The Upper and Lower White Horse Stones are names given to two sarsen megaliths on Blue Bell Hill near Aylesford in the English county of Kent. They are generally considered to be fragmentary examples of the Neolithic chamber tomb group known as the Medway megaliths. The stones are said to be a monument to Horsa, one of the leaders of the Saxon conquest of Britain, who was killed at the Battle of Aylesford.

The Upper White Horse Stone (grid reference TQ753603) is 2.9 m long, 1.65 m high and about 0.6 m thick and stands just inside Westfield Wood, off the Pilgrims' Way. Close by it are nine smaller stones that stretch to the west for about 10 m.

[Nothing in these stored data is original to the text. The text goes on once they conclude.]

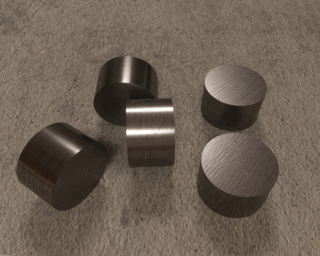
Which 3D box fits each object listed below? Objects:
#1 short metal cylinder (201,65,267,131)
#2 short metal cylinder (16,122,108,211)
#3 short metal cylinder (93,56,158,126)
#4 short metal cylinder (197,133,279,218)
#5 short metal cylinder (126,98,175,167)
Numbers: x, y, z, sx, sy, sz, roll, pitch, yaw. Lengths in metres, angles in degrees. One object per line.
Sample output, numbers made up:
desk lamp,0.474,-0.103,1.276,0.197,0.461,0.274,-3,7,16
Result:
short metal cylinder,0.099,-0.042,0.423,0.081,0.050,0.080,0,50,0
short metal cylinder,-0.102,0.041,0.332,0.050,0.080,0.080,28,55,21
short metal cylinder,-0.043,-0.046,0.406,0.081,0.080,0.050,0,50,0
short metal cylinder,0.084,0.052,0.344,0.081,0.050,0.080,0,50,0
short metal cylinder,-0.011,0.005,0.363,0.050,0.080,0.080,-2,50,-2
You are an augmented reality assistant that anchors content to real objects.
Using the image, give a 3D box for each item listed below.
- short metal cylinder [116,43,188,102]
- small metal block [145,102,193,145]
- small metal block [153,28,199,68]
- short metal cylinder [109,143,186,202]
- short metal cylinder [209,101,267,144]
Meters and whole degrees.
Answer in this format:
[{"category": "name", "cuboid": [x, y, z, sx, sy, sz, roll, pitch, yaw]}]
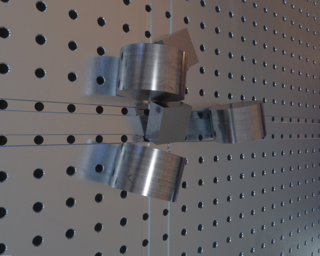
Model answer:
[{"category": "short metal cylinder", "cuboid": [-0.009, -0.062, 0.366, 0.081, 0.080, 0.050, 8, 85, -40]}, {"category": "small metal block", "cuboid": [0.012, -0.008, 0.409, 0.050, 0.025, 0.050, -6, 114, -40]}, {"category": "small metal block", "cuboid": [0.021, -0.103, 0.427, 0.050, 0.025, 0.050, -36, 112, -34]}, {"category": "short metal cylinder", "cuboid": [-0.014, 0.052, 0.361, 0.080, 0.080, 0.050, 23, 76, -38]}, {"category": "short metal cylinder", "cuboid": [0.118, -0.010, 0.472, 0.081, 0.080, 0.050, -16, 101, -39]}]
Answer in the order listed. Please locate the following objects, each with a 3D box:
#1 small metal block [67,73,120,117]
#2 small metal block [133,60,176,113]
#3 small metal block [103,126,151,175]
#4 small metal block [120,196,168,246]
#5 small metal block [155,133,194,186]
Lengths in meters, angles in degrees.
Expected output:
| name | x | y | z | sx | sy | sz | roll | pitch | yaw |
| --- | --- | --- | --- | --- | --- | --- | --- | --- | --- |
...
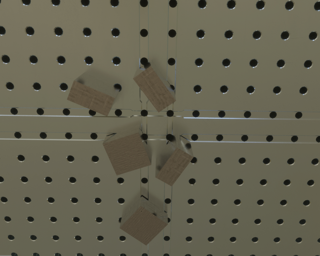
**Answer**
| name | x | y | z | sx | sy | sz | roll | pitch | yaw |
| --- | --- | --- | --- | --- | --- | --- | --- | --- | --- |
| small metal block | -0.080 | -0.043 | 0.384 | 0.050 | 0.050 | 0.025 | 23 | 109 | -8 |
| small metal block | -0.006 | -0.053 | 0.381 | 0.025 | 0.050 | 0.050 | -34 | 107 | 12 |
| small metal block | -0.044 | 0.031 | 0.424 | 0.050 | 0.025 | 0.050 | -18 | 109 | 6 |
| small metal block | -0.024 | 0.139 | 0.464 | 0.050 | 0.025 | 0.050 | 38 | 106 | -13 |
| small metal block | 0.018 | 0.041 | 0.415 | 0.025 | 0.050 | 0.050 | 31 | 107 | -11 |
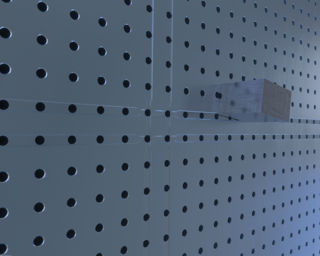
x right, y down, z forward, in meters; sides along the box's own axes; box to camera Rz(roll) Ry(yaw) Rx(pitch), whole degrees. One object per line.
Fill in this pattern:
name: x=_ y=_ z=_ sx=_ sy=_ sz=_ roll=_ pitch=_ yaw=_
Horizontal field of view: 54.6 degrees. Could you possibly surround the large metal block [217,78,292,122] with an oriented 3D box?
large metal block: x=0.152 y=-0.041 z=0.499 sx=0.081 sy=0.080 sz=0.050 roll=12 pitch=83 yaw=-39
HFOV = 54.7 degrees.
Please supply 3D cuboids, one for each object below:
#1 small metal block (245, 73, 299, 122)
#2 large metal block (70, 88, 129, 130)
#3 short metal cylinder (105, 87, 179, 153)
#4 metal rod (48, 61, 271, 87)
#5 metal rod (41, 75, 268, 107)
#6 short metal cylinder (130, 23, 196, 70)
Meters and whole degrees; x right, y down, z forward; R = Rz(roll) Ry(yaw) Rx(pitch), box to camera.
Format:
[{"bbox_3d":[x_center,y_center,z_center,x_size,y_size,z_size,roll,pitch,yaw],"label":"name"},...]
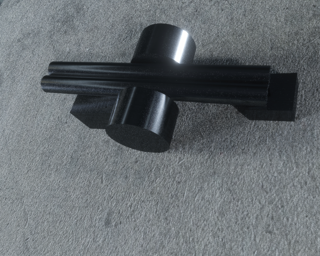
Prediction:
[{"bbox_3d":[0.131,-0.035,0.359,0.050,0.025,0.050,3,63,30],"label":"small metal block"},{"bbox_3d":[-0.072,-0.044,0.454,0.080,0.050,0.080,2,63,29],"label":"large metal block"},{"bbox_3d":[-0.021,-0.008,0.386,0.080,0.080,0.050,2,63,29],"label":"short metal cylinder"},{"bbox_3d":[-0.017,-0.071,0.400,0.301,0.025,0.025,6,64,22],"label":"metal rod"},{"bbox_3d":[-0.023,-0.049,0.390,0.301,0.025,0.025,6,64,22],"label":"metal rod"},{"bbox_3d":[0.005,-0.096,0.426,0.080,0.080,0.050,2,63,29],"label":"short metal cylinder"}]
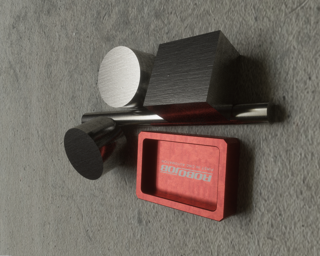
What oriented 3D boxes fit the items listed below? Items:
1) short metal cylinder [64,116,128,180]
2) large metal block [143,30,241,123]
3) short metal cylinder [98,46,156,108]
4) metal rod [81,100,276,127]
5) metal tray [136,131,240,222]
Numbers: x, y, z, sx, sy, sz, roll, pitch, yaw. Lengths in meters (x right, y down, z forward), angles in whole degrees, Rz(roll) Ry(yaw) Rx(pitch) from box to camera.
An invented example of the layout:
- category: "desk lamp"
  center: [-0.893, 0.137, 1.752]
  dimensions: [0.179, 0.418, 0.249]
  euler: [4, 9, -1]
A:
- category: "short metal cylinder"
  center: [-0.093, 0.028, 0.451]
  dimensions: [0.080, 0.050, 0.079]
  euler: [18, 121, 32]
- category: "large metal block"
  center: [0.036, -0.053, 0.344]
  dimensions: [0.080, 0.050, 0.080]
  euler: [-1, 68, 40]
- category: "short metal cylinder"
  center: [-0.039, -0.066, 0.422]
  dimensions: [0.080, 0.050, 0.080]
  euler: [0, 89, 40]
- category: "metal rod"
  center: [-0.002, -0.014, 0.410]
  dimensions: [0.300, 0.025, 0.025]
  euler: [-1, 90, 40]
- category: "metal tray"
  center: [0.029, 0.052, 0.378]
  dimensions: [0.130, 0.030, 0.089]
  euler: [5, 93, 39]
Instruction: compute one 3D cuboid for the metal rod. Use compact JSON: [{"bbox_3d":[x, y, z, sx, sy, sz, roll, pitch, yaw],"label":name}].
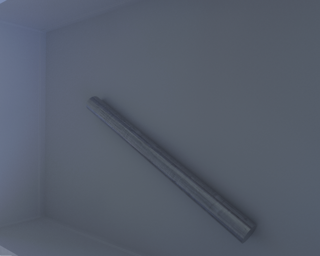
[{"bbox_3d":[-0.006,0.037,0.409,0.300,0.025,0.025,37,113,33],"label":"metal rod"}]
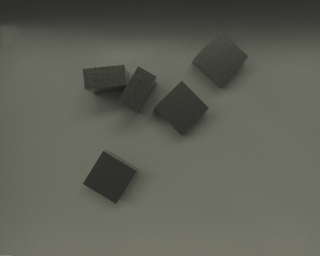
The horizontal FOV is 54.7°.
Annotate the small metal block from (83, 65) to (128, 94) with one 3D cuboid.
[{"bbox_3d":[-0.067,-0.062,0.398,0.050,0.050,0.025,-6,90,-1],"label":"small metal block"}]

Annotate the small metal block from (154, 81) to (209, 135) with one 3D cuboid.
[{"bbox_3d":[0.028,-0.026,0.412,0.050,0.025,0.050,-44,91,0],"label":"small metal block"}]

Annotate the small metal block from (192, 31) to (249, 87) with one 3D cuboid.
[{"bbox_3d":[0.079,-0.091,0.412,0.050,0.025,0.050,43,90,-1],"label":"small metal block"}]

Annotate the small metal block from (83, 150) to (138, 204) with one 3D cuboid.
[{"bbox_3d":[-0.065,0.064,0.411,0.050,0.025,0.050,31,90,-1],"label":"small metal block"}]

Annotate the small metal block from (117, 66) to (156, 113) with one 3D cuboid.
[{"bbox_3d":[-0.028,-0.047,0.399,0.025,0.050,0.050,30,90,0],"label":"small metal block"}]
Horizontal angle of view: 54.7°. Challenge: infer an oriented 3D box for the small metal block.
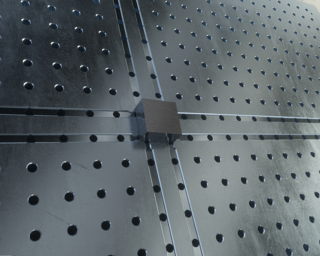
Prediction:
[{"bbox_3d":[-0.003,-0.009,0.414,0.050,0.025,0.050,5,60,-26],"label":"small metal block"}]
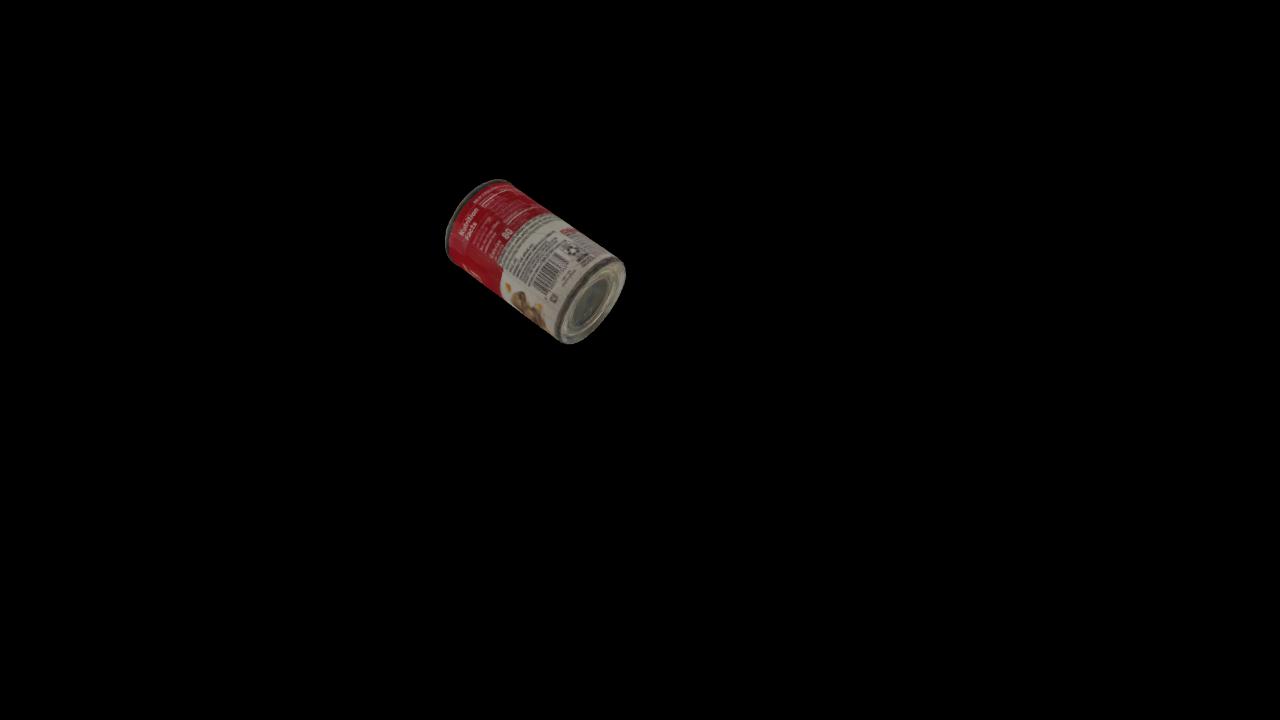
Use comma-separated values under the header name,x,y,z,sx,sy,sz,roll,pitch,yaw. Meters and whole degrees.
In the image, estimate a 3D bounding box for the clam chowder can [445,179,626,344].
name,x,y,z,sx,sy,sz,roll,pitch,yaw
clam chowder can,-0.068,-0.065,0.408,0.102,0.068,0.068,36,11,15
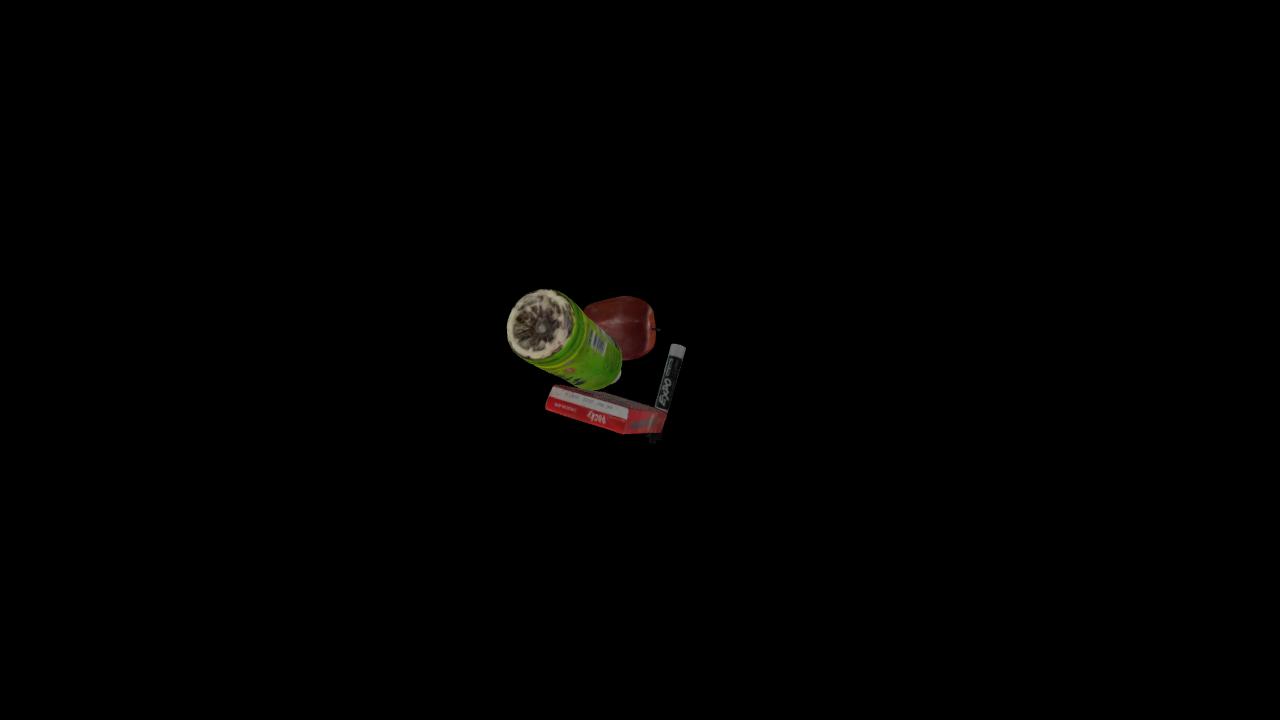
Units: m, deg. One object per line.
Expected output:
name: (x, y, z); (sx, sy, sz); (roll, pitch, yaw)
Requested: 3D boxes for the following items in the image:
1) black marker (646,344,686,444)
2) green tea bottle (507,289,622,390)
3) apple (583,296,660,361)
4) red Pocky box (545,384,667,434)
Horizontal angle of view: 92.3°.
black marker: (0.030, 0.040, 0.732); (0.020, 0.121, 0.020); (15, -9, 2)
green tea bottle: (-0.062, -0.009, 0.639); (0.073, 0.073, 0.212); (0, -14, 17)
apple: (-0.022, -0.037, 0.737); (0.093, 0.079, 0.079); (3, 0, 7)
red Pocky box: (-0.028, 0.053, 0.632); (0.083, 0.028, 0.155); (15, -2, 16)
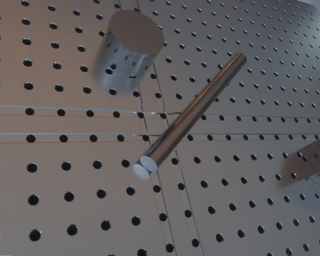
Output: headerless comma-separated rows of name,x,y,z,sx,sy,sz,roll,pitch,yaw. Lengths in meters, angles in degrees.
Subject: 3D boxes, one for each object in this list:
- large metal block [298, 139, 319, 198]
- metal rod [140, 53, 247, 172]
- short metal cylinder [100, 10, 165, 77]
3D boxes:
large metal block,0.280,0.071,0.503,0.080,0.050,0.080,37,51,-4
metal rod,0.067,-0.041,0.471,0.025,0.025,0.301,43,51,1
short metal cylinder,-0.041,-0.122,0.446,0.081,0.050,0.080,14,56,-21
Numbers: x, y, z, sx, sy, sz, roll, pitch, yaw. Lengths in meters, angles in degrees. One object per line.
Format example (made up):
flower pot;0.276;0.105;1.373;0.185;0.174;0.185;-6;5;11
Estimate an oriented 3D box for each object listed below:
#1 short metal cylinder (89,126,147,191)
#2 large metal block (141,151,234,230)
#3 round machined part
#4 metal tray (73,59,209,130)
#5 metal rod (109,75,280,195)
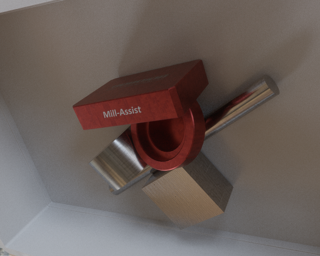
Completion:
short metal cylinder;-0.049;0.038;0.419;0.050;0.080;0.080;48;129;-5
large metal block;0.037;0.081;0.418;0.080;0.050;0.080;48;129;-6
round machined part;0.014;-0.001;0.369;0.098;0.042;0.097;4;96;42
metal tray;-0.021;-0.037;0.350;0.130;0.090;0.030;-7;115;30
metal rod;0.021;0.026;0.410;0.025;0.025;0.299;48;128;-6
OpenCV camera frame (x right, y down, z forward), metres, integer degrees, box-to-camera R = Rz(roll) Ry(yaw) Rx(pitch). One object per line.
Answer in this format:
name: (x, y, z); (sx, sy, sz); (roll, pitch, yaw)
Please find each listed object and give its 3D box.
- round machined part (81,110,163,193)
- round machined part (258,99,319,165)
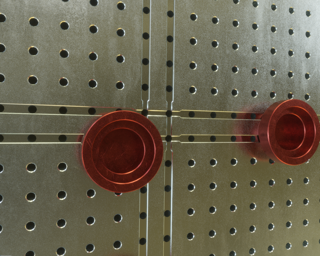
round machined part: (-0.049, 0.028, 0.385); (0.099, 0.042, 0.097); (0, 90, -20)
round machined part: (0.191, 0.006, 0.474); (0.099, 0.042, 0.097); (0, 90, -20)
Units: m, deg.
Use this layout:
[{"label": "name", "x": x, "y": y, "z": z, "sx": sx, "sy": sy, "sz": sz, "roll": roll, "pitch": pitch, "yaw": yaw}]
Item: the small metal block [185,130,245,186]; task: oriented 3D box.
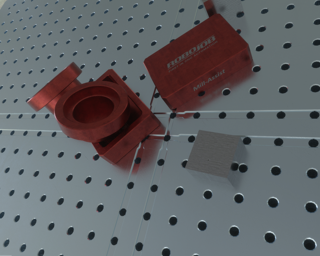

There is no evidence of a covering barrow and it has been suggested that these much smaller stones were moved from the neighbouring field by local farmers. Its identification as a chambered long barrow like the other Medway megaliths is therefore uncertain although the shape certainly resembles a chamber wall stone.

In local tradition this is also the burial place of the Saxon leader Horsa, whose name meant "horse". The standing stone is also considered by some visitors to resemble a horse's head.

The Lower White Horse Stone once stood about 300 m west of Upper White Horse Stone. It was destroyed in 1823 and the site is now under the dual carriageway that climbs Blue Bell Hill. It therefore cannot either be said with certainty to have been a true prehistoric megalith.